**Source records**
------------------------------------

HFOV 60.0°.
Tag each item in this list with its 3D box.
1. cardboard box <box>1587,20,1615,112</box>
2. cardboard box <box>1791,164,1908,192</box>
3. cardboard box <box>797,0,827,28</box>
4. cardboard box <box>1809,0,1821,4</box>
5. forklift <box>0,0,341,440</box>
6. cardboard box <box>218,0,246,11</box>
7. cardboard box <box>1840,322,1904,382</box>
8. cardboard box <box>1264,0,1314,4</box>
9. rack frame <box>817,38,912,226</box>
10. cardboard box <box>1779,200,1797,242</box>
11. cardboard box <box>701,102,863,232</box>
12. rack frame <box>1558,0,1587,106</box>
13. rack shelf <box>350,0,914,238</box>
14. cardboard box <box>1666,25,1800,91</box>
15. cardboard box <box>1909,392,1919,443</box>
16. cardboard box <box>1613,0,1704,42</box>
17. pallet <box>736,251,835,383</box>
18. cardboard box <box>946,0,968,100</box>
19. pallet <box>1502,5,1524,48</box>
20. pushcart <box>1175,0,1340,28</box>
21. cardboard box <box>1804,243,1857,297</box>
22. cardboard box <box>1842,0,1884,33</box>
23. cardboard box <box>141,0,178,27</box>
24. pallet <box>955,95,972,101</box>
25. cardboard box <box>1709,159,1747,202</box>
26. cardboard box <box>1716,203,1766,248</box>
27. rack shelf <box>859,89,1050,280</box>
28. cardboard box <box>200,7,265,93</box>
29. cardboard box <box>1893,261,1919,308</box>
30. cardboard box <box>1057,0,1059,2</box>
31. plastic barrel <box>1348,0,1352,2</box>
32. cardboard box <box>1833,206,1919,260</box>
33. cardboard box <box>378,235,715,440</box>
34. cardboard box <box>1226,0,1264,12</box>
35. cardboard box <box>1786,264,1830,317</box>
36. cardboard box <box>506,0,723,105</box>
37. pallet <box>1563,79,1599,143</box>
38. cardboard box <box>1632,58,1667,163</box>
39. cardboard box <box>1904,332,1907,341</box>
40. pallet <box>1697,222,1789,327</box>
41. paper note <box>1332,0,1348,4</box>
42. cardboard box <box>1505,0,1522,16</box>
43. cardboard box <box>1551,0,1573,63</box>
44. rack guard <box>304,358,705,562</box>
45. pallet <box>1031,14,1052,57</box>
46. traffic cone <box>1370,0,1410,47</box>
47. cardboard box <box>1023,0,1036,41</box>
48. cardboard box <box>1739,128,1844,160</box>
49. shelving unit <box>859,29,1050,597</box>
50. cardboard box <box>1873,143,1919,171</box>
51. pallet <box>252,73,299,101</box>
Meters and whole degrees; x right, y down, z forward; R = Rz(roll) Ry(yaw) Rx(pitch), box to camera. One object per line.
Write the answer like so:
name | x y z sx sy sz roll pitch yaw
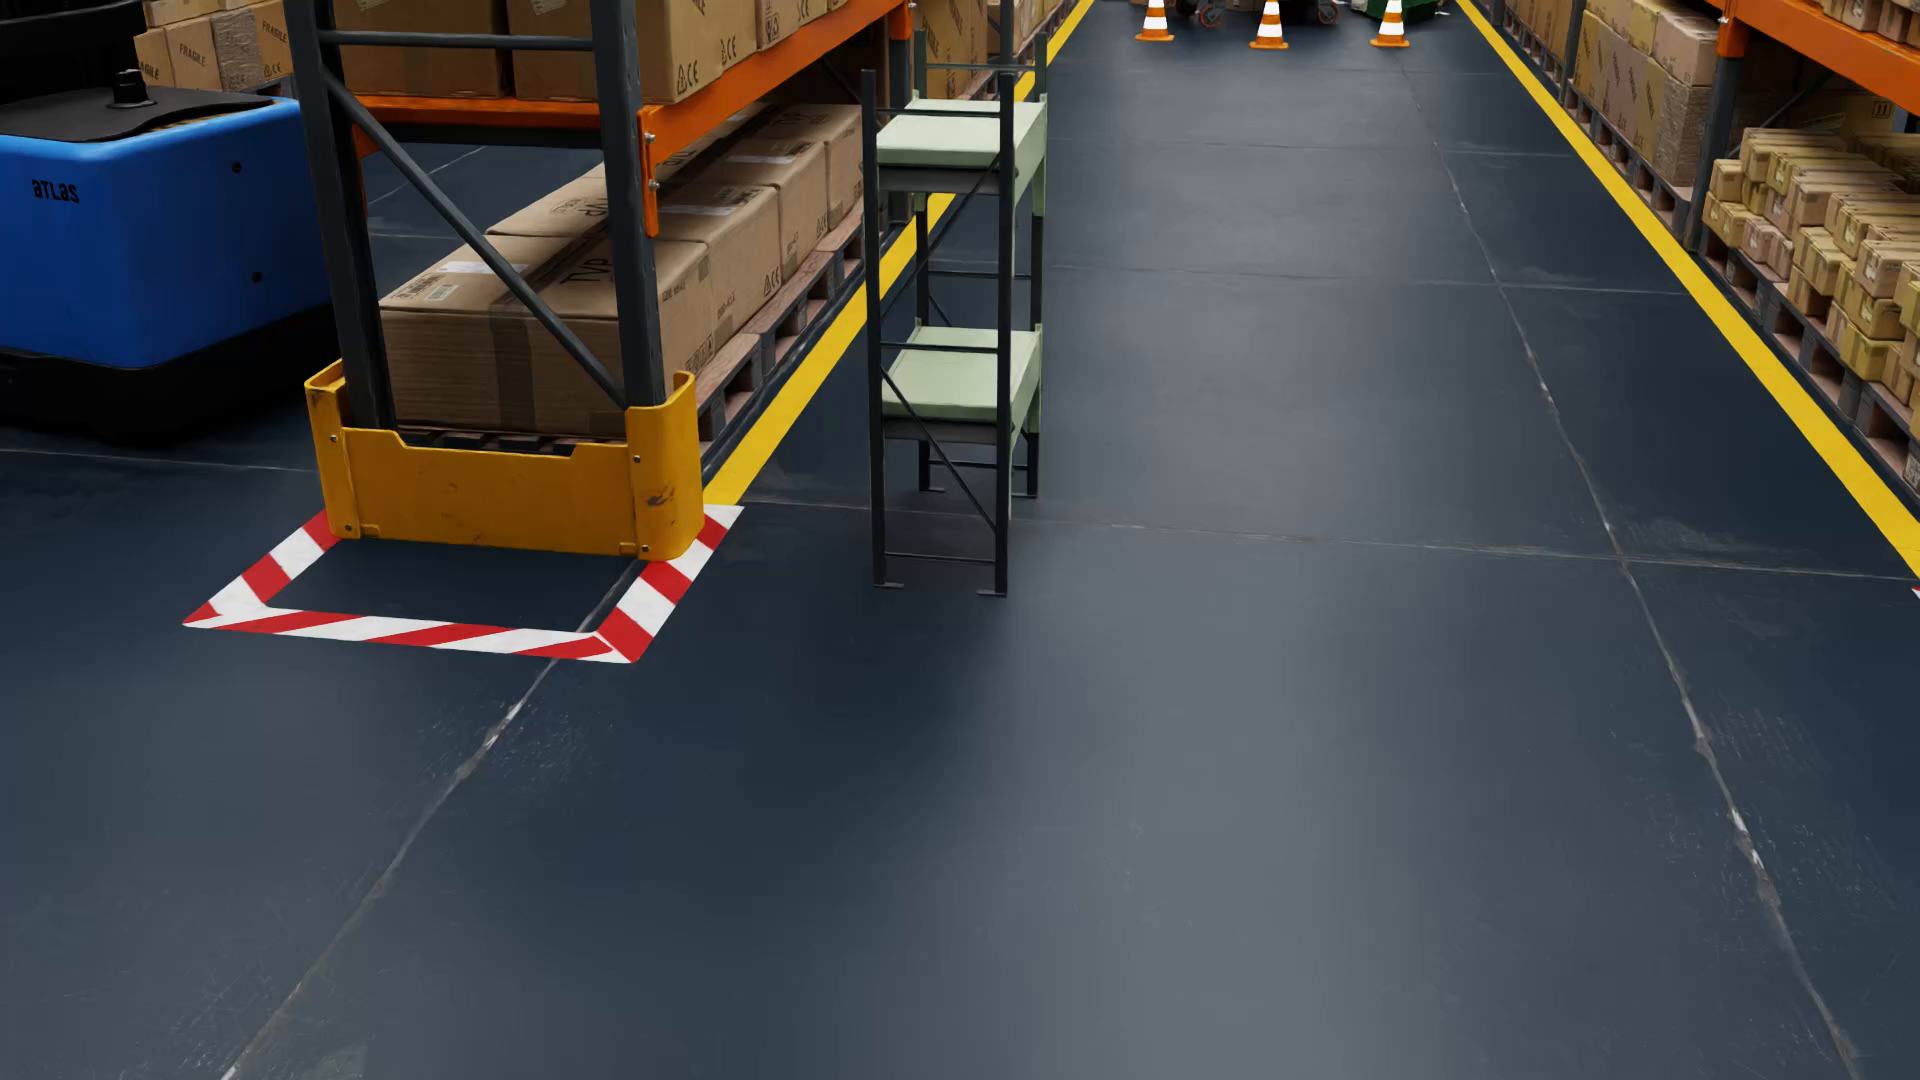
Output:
cardboard box | 4.348 -3.025 10.628 0.500 0.500 0.500 4 25 9
cardboard box | 3.763 -1.491 7.062 0.380 0.149 0.250 3 25 7
cardboard box | -0.830 -2.272 6.449 0.500 0.500 0.500 5 26 10
cardboard box | 3.811 -2.345 7.018 0.380 0.149 0.250 3 25 6
forklift | -4.001 -2.088 6.254 3.031 2.935 1.130 11 27 22
cardboard box | -5.079 -3.674 11.249 0.380 0.149 0.250 3 25 6
cardboard box | 3.445 -0.678 6.028 0.380 0.149 0.250 3 25 6
cardboard box | 3.267 -5.732 16.741 0.797 0.637 0.503 4 25 9
rack frame | -0.760 -3.084 8.300 1.000 3.000 0.127 4 25 9
cardboard box | 3.761 -1.358 7.130 0.380 0.149 0.250 3 25 6
cardboard box | -0.968 -1.858 8.209 0.875 0.438 0.875 4 25 8
rack frame | 4.794 -4.456 11.231 1.000 3.000 0.127 4 25 9
rack shelf | -1.086 -1.921 6.665 1.077 0.370 4.000 4 25 9
cardboard box | 4.013 -2.510 8.642 0.500 0.250 0.500 3 25 7
cardboard box | 3.309 -0.358 5.344 0.380 0.149 0.250 5 26 10
cardboard box | 4.266 -3.164 10.040 0.500 0.250 0.500 4 25 9
pallet | -1.158 -0.996 7.130 1.003 0.211 1.213 4 25 9
cardboard box | -0.451 -3.329 10.834 0.875 0.875 0.875 4 25 9
pallet | 5.396 -4.538 14.696 1.003 0.211 1.213 4 25 9
pushcart | 2.805 -5.105 15.711 1.648 0.377 0.936 -5 25 -10
cardboard box | 3.524 -1.042 6.455 0.380 0.149 0.250 4 25 9
cardboard box | 3.604 -2.019 6.322 0.380 0.149 0.250 5 26 11
cardboard box | -5.227 -3.356 10.570 0.380 0.149 0.250 4 25 8
pallet | -0.511 -2.660 10.685 1.003 0.211 1.213 4 25 9
cardboard box | 3.765 -1.687 7.833 0.380 0.149 0.250 5 26 11
cardboard box | 3.720 -1.441 7.657 0.380 0.149 0.250 5 26 10
rack shelf | 0.001 -1.036 4.773 0.431 0.370 0.720 4 25 9
cardboard box | -5.102 -3.319 11.256 0.500 0.500 0.500 3 25 7
cardboard box | 3.443 -0.840 5.671 0.380 0.149 0.250 3 25 6
cardboard box | 0.465 -5.210 15.447 0.950 0.372 0.625 4 25 9
plastic barrel | 4.120 -5.543 16.592 0.421 0.421 0.512 -20 32 -36
cardboard box | 3.599 -1.170 6.377 0.380 0.149 0.250 4 25 9
cardboard box | -1.404 -0.723 5.784 0.875 0.438 0.875 3 25 7
cardboard box | 2.798 -5.383 16.438 0.258 0.266 0.396 -14 29 -27
cardboard box | 3.592 -1.006 6.729 0.380 0.149 0.250 3 25 7
cardboard box | -1.052 -1.637 5.091 0.500 0.500 0.500 4 25 8
pallet | 4.665 -2.866 11.124 1.003 0.211 1.213 4 25 9
cardboard box | 4.097 -2.383 9.255 0.500 0.500 0.500 3 25 7
cardboard box | 3.520 -0.707 5.739 0.380 0.149 0.250 4 25 8
pallet | 4.066 -1.237 7.643 1.003 0.211 1.213 4 25 9
paper note | 3.864 -5.475 16.921 0.172 0.023 0.155 13 28 26
cardboard box | 5.435 -5.034 14.625 1.050 0.750 0.750 4 25 8
cardboard box | 4.982 -3.876 12.150 1.050 0.750 0.750 4 25 8
rack guard | -1.417 -0.269 5.234 1.175 0.500 0.348 4 25 9
pallet | 0.225 -4.329 14.250 1.003 0.211 1.213 4 25 9
traffic cone | 3.739 -4.524 14.368 0.336 0.463 0.334 4 25 9
cardboard box | 0.109 -4.301 13.506 0.950 0.372 0.625 4 25 8
cardboard box | 3.880 -1.822 7.769 0.380 0.149 0.250 5 26 11
shelving unit | 0.001 -0.682 4.938 0.431 1.500 0.755 4 25 9
cardboard box | 4.336 -1.675 7.456 0.380 0.149 0.250 4 25 9
pallet | -5.163 -3.526 12.535 1.003 0.211 1.213 4 25 9

------------------------------------

**Exercise requirements**
Where does "roll" appear in the records above? Copy each line that holds it.

**Written answer**
Meters and whole degrees; x right, y down, z forward; R = Rz(roll) Ry(yaw) Rx(pitch), box to camera. One object per line.
name | x y z sx sy sz roll pitch yaw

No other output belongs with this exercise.